■ WHAT IS REQUIRED ■
Word for word, give the records again, dropping any picture they hold.

■ RECORDS FOR THE EXERCISE ■
* * * * *

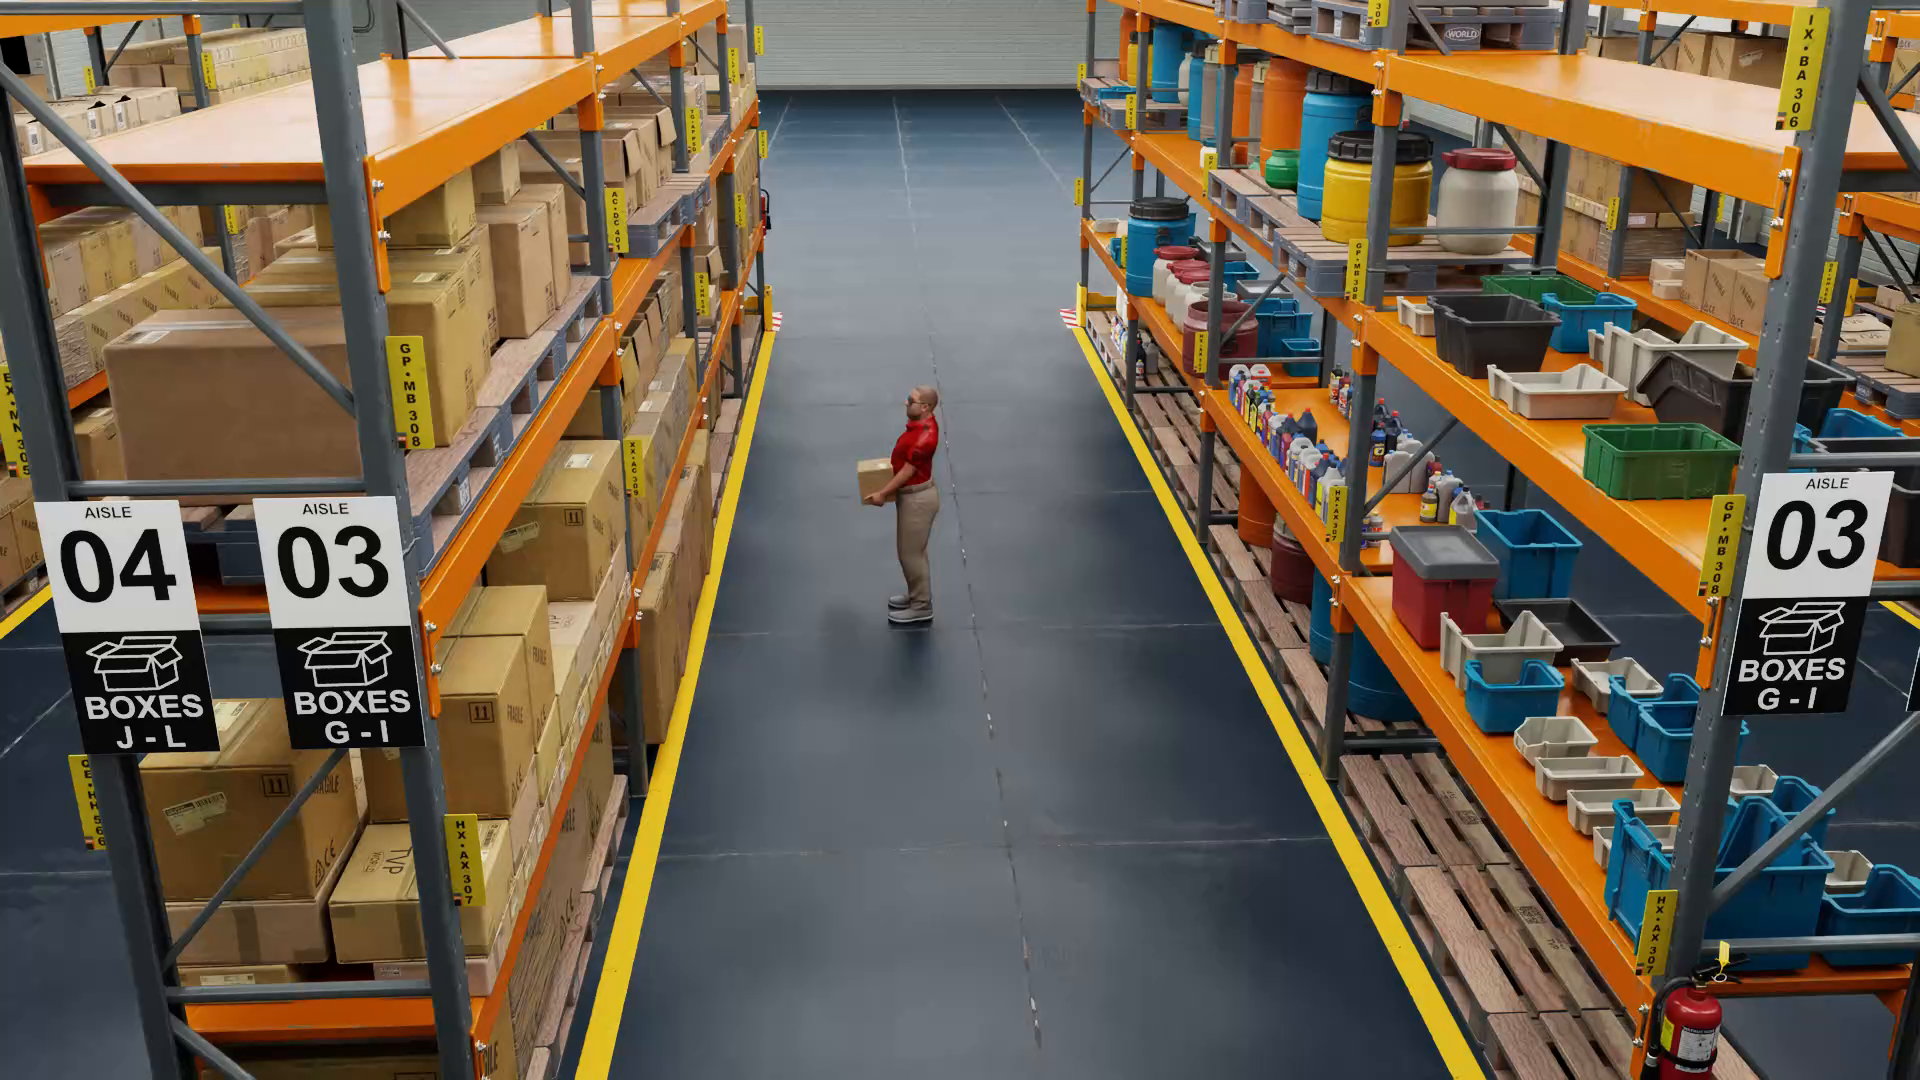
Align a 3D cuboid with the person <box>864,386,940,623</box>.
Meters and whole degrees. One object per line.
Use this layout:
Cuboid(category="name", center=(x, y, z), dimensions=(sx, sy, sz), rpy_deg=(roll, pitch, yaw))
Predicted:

* * * * *

■ SOLVED EXERCISE ■
Align a 3D cuboid with the person <box>864,386,940,623</box>.
Meters and whole degrees. One object per line.
Use this layout:
Cuboid(category="name", center=(x, y, z), dimensions=(sx, sy, sz), rpy_deg=(roll, pitch, yaw))
Predicted:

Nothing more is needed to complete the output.